129 Juta Orang Indonesia Ngutang di Pinjol

Ilustrasi. Foto: Medcom.id

129 Juta Orang Indonesia Ngutang di Pinjol

Gana Buana • 8 August 2024 12:06

Jakarta: Asosiasi Fintech Pendanaan Indonesia (AFPI) mencatat hingga Mei 2024 sebanyak 129 juta orang di Indonesia telah memanfaatkan layanan fintech lending, dengan total penyaluran dana mencapai Rp 874,5 triliun.
 
Sektor produktif menjadi penerima terbesar dari penyaluran dana tersebut, dengan porsi mencapai 30,61 persen.
 
Ketua Umum AFPI Entjik S. Djafar menyatakan pihaknya berkomitmen kuat untuk memerangi praktik pinjaman online ilegal dan meningkatkan literasi keuangan masyarakat.
 
"Kami berkomitmen untuk terus memerangi pinjol dan mendorong akses pendanaan yang lebih luas di Indonesia," kata Entjik dalam acara AFPI CEO Forum 2024 dilansir Media Indonesia, Kamis, 8 Agustus 2024.
 
Baca juga: 

OJK Tutup 8.500 Pinjol Ilegal Sejak 2015

 
Berdasarkan riset dari EY MSME Market Study & Policy Advocacy, kebutuhan pembiayaan untuk sektor usaha kecil dan menengah (UKM) pada tahun 2026 diproyeksikan akan mencapai Rp4.300 triliun.
 
Namun, kemampuan pendanaan yang tersedia di Indonesia hanya sebesar Rp1.900 triliun, menciptakan gap sebesar Rp2.400 triliun yang harus diisi oleh perusahaan fintech lending.

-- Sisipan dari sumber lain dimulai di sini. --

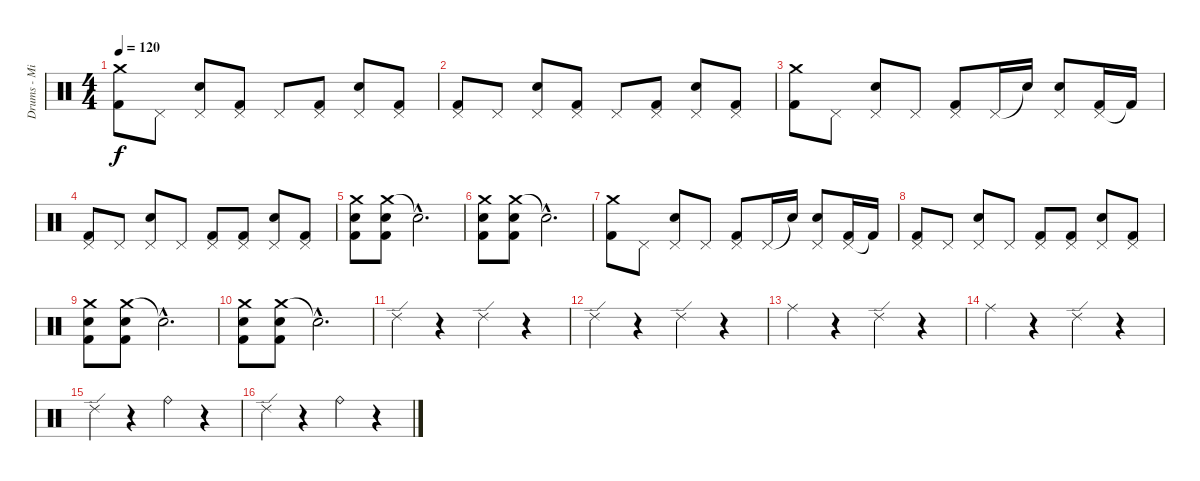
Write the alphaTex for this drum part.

\track ("Drums - Mike Dee" "Drums - Mi") {instrument percussion}
\staff {score}
\articulation defaults
\ts (4 4)
\tempo 120
\clef neutral
\ks c
("Crash medium (hit)" "Kick (hit) 2").8{dy f} "Pedal Hi-Hat (hit)".8 ("Pedal Hi-Hat (hit)" "Snare (hit) 2").8 ("Pedal Hi-Hat (hit)" "Kick (hit) 2").8 "Pedal Hi-Hat (hit)".8 ("Pedal Hi-Hat (hit)" "Kick (hit) 2").8 ("Pedal Hi-Hat (hit)" "Snare (hit) 2").8 ("Pedal Hi-Hat (hit)" "Kick (hit) 2").8 |
("Pedal Hi-Hat (hit)" "Kick (hit) 2").8 "Pedal Hi-Hat (hit)".8 ("Pedal Hi-Hat (hit)" "Snare (hit) 2").8 ("Pedal Hi-Hat (hit)" "Kick (hit) 2").8 "Pedal Hi-Hat (hit)".8 ("Pedal Hi-Hat (hit)" "Kick (hit) 2").8 ("Pedal Hi-Hat (hit)" "Snare (hit) 2").8 ("Pedal Hi-Hat (hit)" "Kick (hit) 2").8 |
("Crash medium (hit)" "Kick (hit) 2").8 "Pedal Hi-Hat (hit)".8 ("Pedal Hi-Hat (hit)" "Snare (hit) 2").8 "Pedal Hi-Hat (hit)".8 ("Pedal Hi-Hat (hit)" "Kick (hit) 2").8 "Pedal Hi-Hat (hit)".16 "Snare (hit)"{t}.16 ("Pedal Hi-Hat (hit)" "Snare (hit) 2").8 ("Pedal Hi-Hat (hit)" "Kick (hit) 2").16 "Kick (hit) 2"{t}.16 |
("Pedal Hi-Hat (hit)" "Kick (hit) 2").8 "Pedal Hi-Hat (hit)".8 ("Pedal Hi-Hat (hit)" "Snare (hit) 2").8 "Pedal Hi-Hat (hit)".8 ("Pedal Hi-Hat (hit)" "Kick (hit) 2").8 ("Pedal Hi-Hat (hit)" "Kick (hit) 2").8 ("Pedal Hi-Hat (hit)" "Snare (hit) 2").8 ("Pedal Hi-Hat (hit)" "Kick (hit) 2").8 |
("Crash medium (hit)" "Snare (hit) 2" "Kick (hit) 2").8 ("Crash medium (hit)" "Snare (hit) 2" "Kick (hit) 2").8 "Snare (hit)"{hac t}.2{d} |
("Crash medium (hit)" "Snare (hit) 2" "Kick (hit) 2").8 ("Crash medium (hit)" "Snare (hit) 2" "Kick (hit) 2").8 "Snare (hit)"{hac t}.2{d} |
("Crash medium (hit)" "Kick (hit) 2").8 "Pedal Hi-Hat (hit)".8 ("Pedal Hi-Hat (hit)" "Snare (hit) 2").8 "Pedal Hi-Hat (hit)".8 ("Pedal Hi-Hat (hit)" "Kick (hit) 2").8 "Pedal Hi-Hat (hit)".16 "Snare (hit)"{t}.16 ("Pedal Hi-Hat (hit)" "Snare (hit) 2").8 ("Pedal Hi-Hat (hit)" "Kick (hit) 2").16 "Kick (hit) 2"{t}.16 |
("Pedal Hi-Hat (hit)" "Kick (hit) 2").8 "Pedal Hi-Hat (hit)".8 ("Pedal Hi-Hat (hit)" "Snare (hit) 2").8 "Pedal Hi-Hat (hit)".8 ("Pedal Hi-Hat (hit)" "Kick (hit) 2").8 ("Pedal Hi-Hat (hit)" "Kick (hit) 2").8 ("Pedal Hi-Hat (hit)" "Snare (hit) 2").8 ("Pedal Hi-Hat (hit)" "Kick (hit) 2").8 |
("Crash medium (hit)" "Snare (hit) 2" "Kick (hit) 2").8 ("Crash medium (hit)" "Snare (hit) 2" "Kick (hit) 2").8 "Snare (hit)"{hac t}.2{d} |
("Crash medium (hit)" "Snare (hit) 2" "Kick (hit) 2").8 ("Crash medium (hit)" "Snare (hit) 2" "Kick (hit) 2").8 "Snare (hit)"{hac t}.2{d} |
"Ride (edge) 2".4 r.4 "Ride (edge) 2".4 r.4 |
"Ride (edge) 2".4 r.4 "Ride (edge) 2".4 r.4 |
"Ride (middle)".4 r.4 "Ride (edge) 2".4 r.4 |
"Ride (middle)".4 r.4 "Ride (edge) 2".4 r.4 |
"Ride (edge) 2".4 r.4 "Ride (bell)".4 r.4 |
"Ride (edge) 2".4 r.4 "Ride (bell)".4 r.4
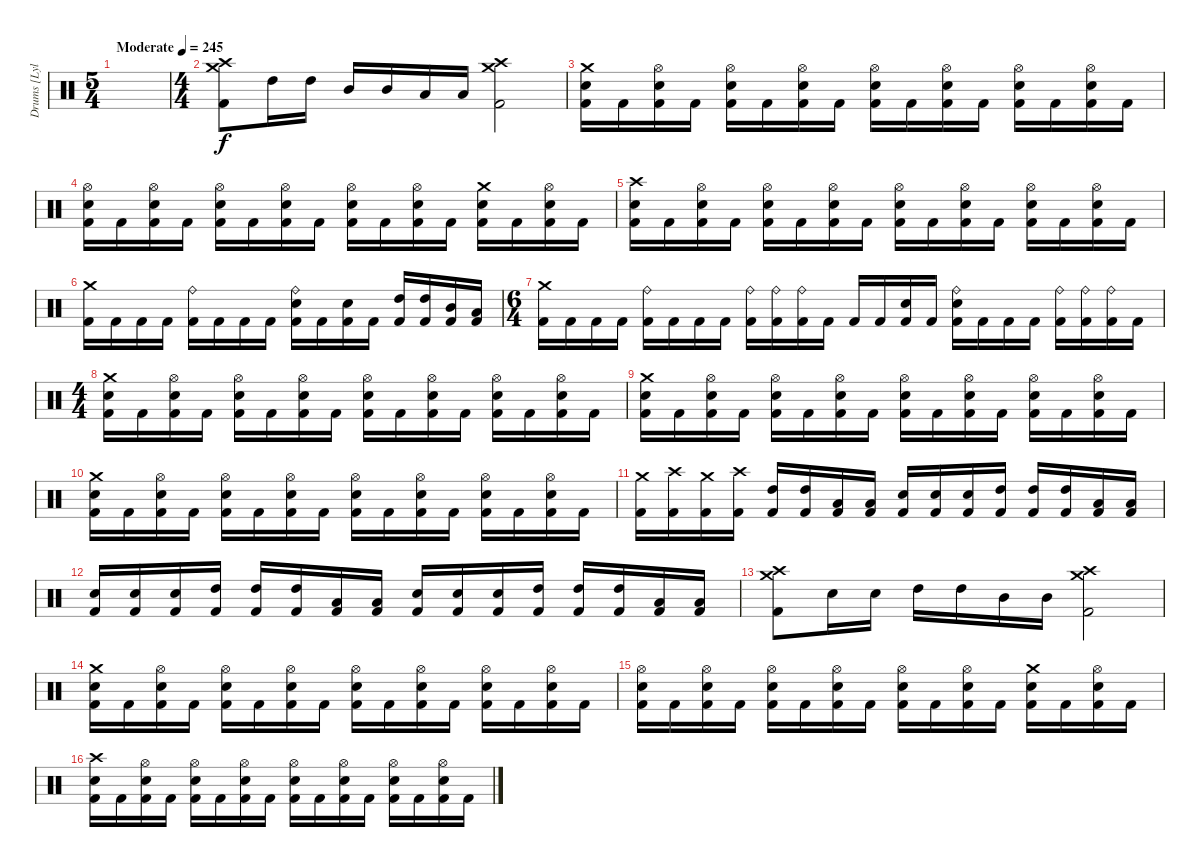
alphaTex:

\track ("Drums [Lyle Cooper]" "Drums [Lyl") {instrument percussion}
\staff {score}
\articulation defaults
\ts (5 4)
\tempo (245 "Moderate")
\clef neutral
\ks c
|
\ts (4 4)
("Crash medium (hit)" "Crash high (hit)" "Kick (hit) 2").8 "High Tom (hit)".16 "High Tom (hit)".16 "Mid Tom (hit)".16 "Mid Tom (hit)".16 "Low Tom (hit)".16 "Low Tom (hit)".16 ("Crash medium (hit)" "Crash high (hit)" "Kick (hit) 2").2 |
("Crash medium (hit)" "Electric Snare (hit)" "Kick (hit) 2").16 "Kick (hit) 2".16 ("Hi-Hat (open)" "Electric Snare (hit)" "Kick (hit) 2").16 "Kick (hit) 2".16 ("Hi-Hat (open)" "Electric Snare (hit)" "Kick (hit) 2").16 "Kick (hit) 2".16 ("Hi-Hat (open)" "Electric Snare (hit)" "Kick (hit) 2").16 "Kick (hit) 2".16 ("Hi-Hat (open)" "Electric Snare (hit)" "Kick (hit) 2").16 "Kick (hit) 2".16 ("Hi-Hat (open)" "Electric Snare (hit)" "Kick (hit) 2").16 "Kick (hit) 2".16 ("Hi-Hat (open)" "Electric Snare (hit)" "Kick (hit) 2").16 "Kick (hit) 2".16 ("Hi-Hat (open)" "Electric Snare (hit)" "Kick (hit) 2").16 "Kick (hit) 2".16 |
("Hi-Hat (open)" "Electric Snare (hit)" "Kick (hit) 2").16 "Kick (hit) 2".16 ("Hi-Hat (open)" "Electric Snare (hit)" "Kick (hit) 2").16 "Kick (hit) 2".16 ("Hi-Hat (open)" "Electric Snare (hit)" "Kick (hit) 2").16 "Kick (hit) 2".16 ("Hi-Hat (open)" "Electric Snare (hit)" "Kick (hit) 2").16 "Kick (hit) 2".16 ("Hi-Hat (open)" "Electric Snare (hit)" "Kick (hit) 2").16 "Kick (hit) 2".16 ("Hi-Hat (open)" "Electric Snare (hit)" "Kick (hit) 2").16 "Kick (hit) 2".16 ("Crash medium (hit)" "Electric Snare (hit)" "Kick (hit) 2").16 "Kick (hit) 2".16 ("Hi-Hat (open)" "Electric Snare (hit)" "Kick (hit) 2").16 "Kick (hit) 2".16 |
("Crash high (hit)" "Electric Snare (hit)" "Kick (hit) 2").16 "Kick (hit) 2".16 ("Hi-Hat (open)" "Electric Snare (hit)" "Kick (hit) 2").16 "Kick (hit) 2".16 ("Hi-Hat (open)" "Electric Snare (hit)" "Kick (hit) 2").16 "Kick (hit) 2".16 ("Hi-Hat (open)" "Electric Snare (hit)" "Kick (hit) 2").16 "Kick (hit) 2".16 ("Hi-Hat (open)" "Electric Snare (hit)" "Kick (hit) 2").16 "Kick (hit) 2".16 ("Hi-Hat (open)" "Electric Snare (hit)" "Kick (hit) 2").16 "Kick (hit) 2".16 ("Hi-Hat (open)" "Electric Snare (hit)" "Kick (hit) 2").16 "Kick (hit) 2".16 ("Hi-Hat (open)" "Electric Snare (hit)" "Kick (hit) 2").16 "Kick (hit) 2".16 |
("Crash medium (hit)" "Kick (hit) 2").16 "Kick (hit) 2".16 "Kick (hit) 2".16 "Kick (hit) 2".16 ("Ride (bell)" "Kick (hit) 2").16 "Kick (hit) 2".16 "Kick (hit) 2".16 "Kick (hit) 2".16 ("Ride (bell)" "Electric Snare (hit)" "Kick (hit) 2").16 "Kick (hit) 2".16 ("Electric Snare (hit)" "Kick (hit) 2").16 "Kick (hit) 2".16 ("High Tom (hit)" "Kick (hit) 2").16 ("High Tom (hit)" "Kick (hit) 2").16 ("Mid Tom (hit)" "Kick (hit) 2").16 ("Low Tom (hit)" "Kick (hit) 2").16 |
\ts (6 4)
("Crash medium (hit)" "Kick (hit) 2").16 "Kick (hit) 2".16 "Kick (hit) 2".16 "Kick (hit) 2".16 ("Ride (bell)" "Kick (hit) 2").16 "Kick (hit) 2".16 "Kick (hit) 2".16 "Kick (hit) 2".16 ("Ride (bell)" "Kick (hit) 2").16 ("Ride (bell)" "Kick (hit) 2").16 ("Ride (bell)" "Kick (hit) 2").16 "Kick (hit) 2".16 "Kick (hit) 2".16 "Kick (hit) 2".16 ("Electric Snare (hit)" "Kick (hit) 2").16 "Kick (hit) 2".16 ("Ride (bell)" "Electric Snare (hit)" "Kick (hit) 2").16 "Kick (hit) 2".16 "Kick (hit) 2".16 "Kick (hit) 2".16 ("Ride (bell)" "Kick (hit) 2").16 ("Ride (bell)" "Kick (hit) 2").16 ("Ride (bell)" "Kick (hit) 2").16 "Kick (hit) 2".16 |
\ts (4 4)
("Crash medium (hit)" "Electric Snare (hit)" "Kick (hit) 2").16 "Kick (hit) 2".16 ("Hi-Hat (open)" "Electric Snare (hit)" "Kick (hit) 2").16 "Kick (hit) 2".16 ("Hi-Hat (open)" "Electric Snare (hit)" "Kick (hit) 2").16 "Kick (hit) 2".16 ("Hi-Hat (open)" "Electric Snare (hit)" "Kick (hit) 2").16 "Kick (hit) 2".16 ("Hi-Hat (open)" "Electric Snare (hit)" "Kick (hit) 2").16 "Kick (hit) 2".16 ("Hi-Hat (open)" "Electric Snare (hit)" "Kick (hit) 2").16 "Kick (hit) 2".16 ("Hi-Hat (open)" "Electric Snare (hit)" "Kick (hit) 2").16 "Kick (hit) 2".16 ("Hi-Hat (open)" "Electric Snare (hit)" "Kick (hit) 2").16 "Kick (hit) 2".16 |
("Crash medium (hit)" "Electric Snare (hit)" "Kick (hit) 2").16 "Kick (hit) 2".16 ("Hi-Hat (open)" "Electric Snare (hit)" "Kick (hit) 2").16 "Kick (hit) 2".16 ("Hi-Hat (open)" "Electric Snare (hit)" "Kick (hit) 2").16 "Kick (hit) 2".16 ("Hi-Hat (open)" "Electric Snare (hit)" "Kick (hit) 2").16 "Kick (hit) 2".16 ("Hi-Hat (open)" "Electric Snare (hit)" "Kick (hit) 2").16 "Kick (hit) 2".16 ("Hi-Hat (open)" "Electric Snare (hit)" "Kick (hit) 2").16 "Kick (hit) 2".16 ("Hi-Hat (open)" "Electric Snare (hit)" "Kick (hit) 2").16 "Kick (hit) 2".16 ("Hi-Hat (open)" "Electric Snare (hit)" "Kick (hit) 2").16 "Kick (hit) 2".16 |
("Crash medium (hit)" "Electric Snare (hit)" "Kick (hit) 2").16 "Kick (hit) 2".16 ("Hi-Hat (open)" "Electric Snare (hit)" "Kick (hit) 2").16 "Kick (hit) 2".16 ("Hi-Hat (open)" "Electric Snare (hit)" "Kick (hit) 2").16 "Kick (hit) 2".16 ("Hi-Hat (open)" "Electric Snare (hit)" "Kick (hit) 2").16 "Kick (hit) 2".16 ("Hi-Hat (open)" "Electric Snare (hit)" "Kick (hit) 2").16 "Kick (hit) 2".16 ("Hi-Hat (open)" "Electric Snare (hit)" "Kick (hit) 2").16 "Kick (hit) 2".16 ("Hi-Hat (open)" "Electric Snare (hit)" "Kick (hit) 2").16 "Kick (hit) 2".16 ("Hi-Hat (open)" "Electric Snare (hit)" "Kick (hit) 2").16 "Kick (hit) 2".16 |
("Crash medium (hit)" "Kick (hit) 2").16 ("Crash high (hit)" "Kick (hit) 2").16 ("Crash medium (hit)" "Kick (hit) 2").16 ("Crash high (hit)" "Kick (hit) 2").16 ("High Tom (hit)" "Kick (hit) 2").16 ("High Tom (hit)" "Kick (hit) 2").16 ("Low Tom (hit)" "Kick (hit) 2").16 ("Low Tom (hit)" "Kick (hit) 2").16 ("Electric Snare (hit)" "Kick (hit) 2").16 ("Electric Snare (hit)" "Kick (hit) 2").16 ("Electric Snare (hit)" "Kick (hit) 2").16 ("High Tom (hit)" "Kick (hit) 2").16 ("High Tom (hit)" "Kick (hit) 2").16 ("High Tom (hit)" "Kick (hit) 2").16 ("Low Tom (hit)" "Kick (hit) 2").16 ("Low Tom (hit)" "Kick (hit) 2").16 |
("Electric Snare (hit)" "Kick (hit) 2").16 ("Electric Snare (hit)" "Kick (hit) 2").16 ("Electric Snare (hit)" "Kick (hit) 2").16 ("High Tom (hit)" "Kick (hit) 2").16 ("High Tom (hit)" "Kick (hit) 2").16 ("High Tom (hit)" "Kick (hit) 2").16 ("Low Tom (hit)" "Kick (hit) 2").16 ("Low Tom (hit)" "Kick (hit) 2").16 ("Electric Snare (hit)" "Kick (hit) 2").16 ("Electric Snare (hit)" "Kick (hit) 2").16 ("Electric Snare (hit)" "Kick (hit) 2").16 ("High Tom (hit)" "Kick (hit) 2").16 ("High Tom (hit)" "Kick (hit) 2").16 ("High Tom (hit)" "Kick (hit) 2").16 ("Low Tom (hit)" "Kick (hit) 2").16 ("Low Tom (hit)" "Kick (hit) 2").16 |
("Crash medium (hit)" "Crash high (hit)" "Kick (hit) 2").8 "Electric Snare (hit)".16 "Electric Snare (hit)".16 "High Tom (hit)".16 "High Tom (hit)".16 "Mid Tom (hit)".16 "Mid Tom (hit)".16 ("Crash medium (hit)" "Crash high (hit)" "Kick (hit) 2").2 |
("Crash medium (hit)" "Electric Snare (hit)" "Kick (hit) 2").16 "Kick (hit) 2".16 ("Hi-Hat (open)" "Electric Snare (hit)" "Kick (hit) 2").16 "Kick (hit) 2".16 ("Hi-Hat (open)" "Electric Snare (hit)" "Kick (hit) 2").16 "Kick (hit) 2".16 ("Hi-Hat (open)" "Electric Snare (hit)" "Kick (hit) 2").16 "Kick (hit) 2".16 ("Hi-Hat (open)" "Electric Snare (hit)" "Kick (hit) 2").16 "Kick (hit) 2".16 ("Hi-Hat (open)" "Electric Snare (hit)" "Kick (hit) 2").16 "Kick (hit) 2".16 ("Hi-Hat (open)" "Electric Snare (hit)" "Kick (hit) 2").16 "Kick (hit) 2".16 ("Hi-Hat (open)" "Electric Snare (hit)" "Kick (hit) 2").16 "Kick (hit) 2".16 |
("Hi-Hat (open)" "Electric Snare (hit)" "Kick (hit) 2").16 "Kick (hit) 2".16 ("Hi-Hat (open)" "Electric Snare (hit)" "Kick (hit) 2").16 "Kick (hit) 2".16 ("Hi-Hat (open)" "Electric Snare (hit)" "Kick (hit) 2").16 "Kick (hit) 2".16 ("Hi-Hat (open)" "Electric Snare (hit)" "Kick (hit) 2").16 "Kick (hit) 2".16 ("Hi-Hat (open)" "Electric Snare (hit)" "Kick (hit) 2").16 "Kick (hit) 2".16 ("Hi-Hat (open)" "Electric Snare (hit)" "Kick (hit) 2").16 "Kick (hit) 2".16 ("Crash medium (hit)" "Electric Snare (hit)" "Kick (hit) 2").16 "Kick (hit) 2".16 ("Hi-Hat (open)" "Electric Snare (hit)" "Kick (hit) 2").16 "Kick (hit) 2".16 |
("Crash high (hit)" "Electric Snare (hit)" "Kick (hit) 2").16 "Kick (hit) 2".16 ("Hi-Hat (open)" "Electric Snare (hit)" "Kick (hit) 2").16 "Kick (hit) 2".16 ("Hi-Hat (open)" "Electric Snare (hit)" "Kick (hit) 2").16 "Kick (hit) 2".16 ("Hi-Hat (open)" "Electric Snare (hit)" "Kick (hit) 2").16 "Kick (hit) 2".16 ("Hi-Hat (open)" "Electric Snare (hit)" "Kick (hit) 2").16 "Kick (hit) 2".16 ("Hi-Hat (open)" "Electric Snare (hit)" "Kick (hit) 2").16 "Kick (hit) 2".16 ("Hi-Hat (open)" "Electric Snare (hit)" "Kick (hit) 2").16 "Kick (hit) 2".16 ("Hi-Hat (open)" "Electric Snare (hit)" "Kick (hit) 2").16 "Kick (hit) 2".16
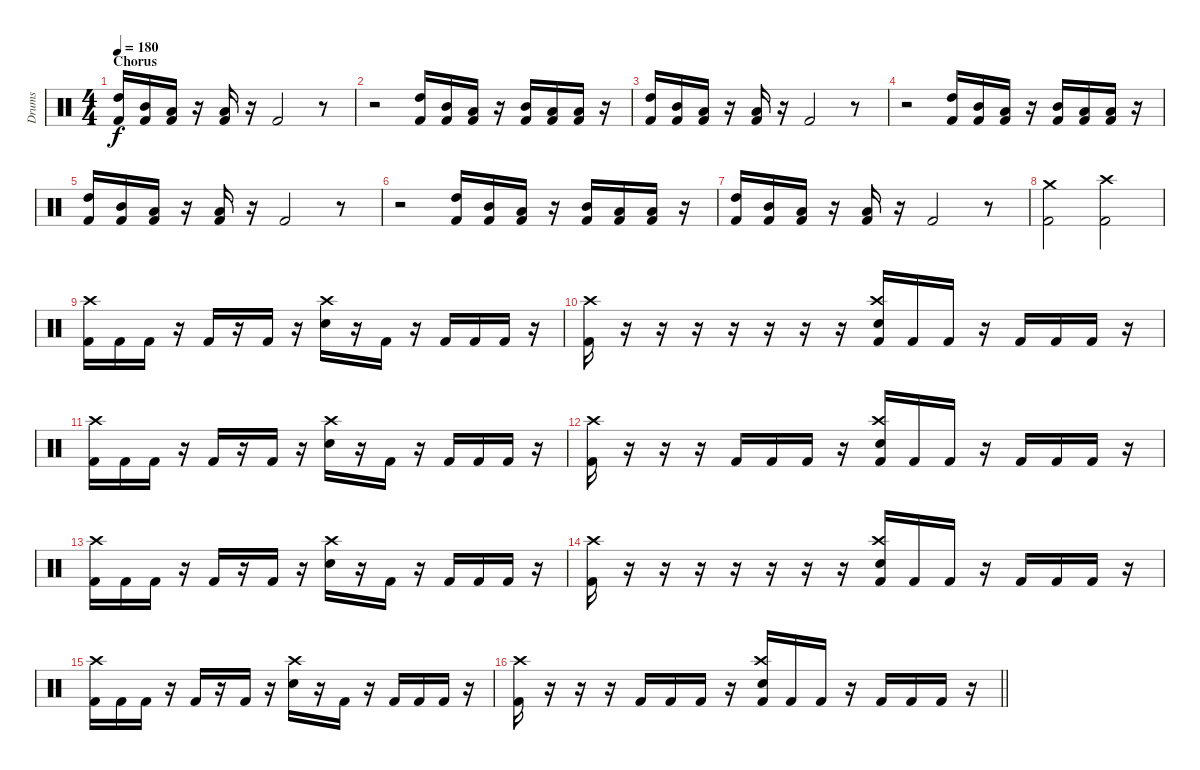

Potensi penggna pinjol meningkat

Kepala Eksekutif Pengawas Lembaga Pembiayaan, Perusahaan Modal Ventura, Lembaga Keuangan Mikro, dan Lembaga Jasa Keuangan Lainnya Otoritas Jasa Keuangan (OJK) Agusman menyatakan potensi penggunaan pinjaman online terus meningkat, dengan pertumbuhan pembiayaan dari perusahaan fintech lending mencapai 26 persen secara tahunan.
 
Angka ini menjadikan fintech lending sebagai industri keuangan dengan pertumbuhan tertinggi.
 
"Pertumbuhan fintech lending mencapai 26 persen (YoY), menjadikannya institusi keuangan dengan pertumbuhan tertinggi di negeri ini. Dengan kualitas NPL terjaga di angka 2,7 persen, kami yakin industri ini memiliki potensi untuk bertahan jangka panjang," ujar Agusman.
 
Ahli tata hukum Yusril Ihza Mahendra, yang hadir dalam acara tersebut, menambahkan bahwa pemerintah harus mampu mengikuti perkembangan teknologi yang berjalan cepat untuk mendukung pertumbuhan industri fintech.
 
"Kemajuan teknologi yang pesat sangat mempengaruhi aktivitas ekonomi. Namun, kecepatan kita dalam mengatur dan mengantisipasi perkembangan ini dengan norma hukum seringkali tertinggal. Proses pembentukan undang-undang sangat panjang dan lama," jelas Yusril.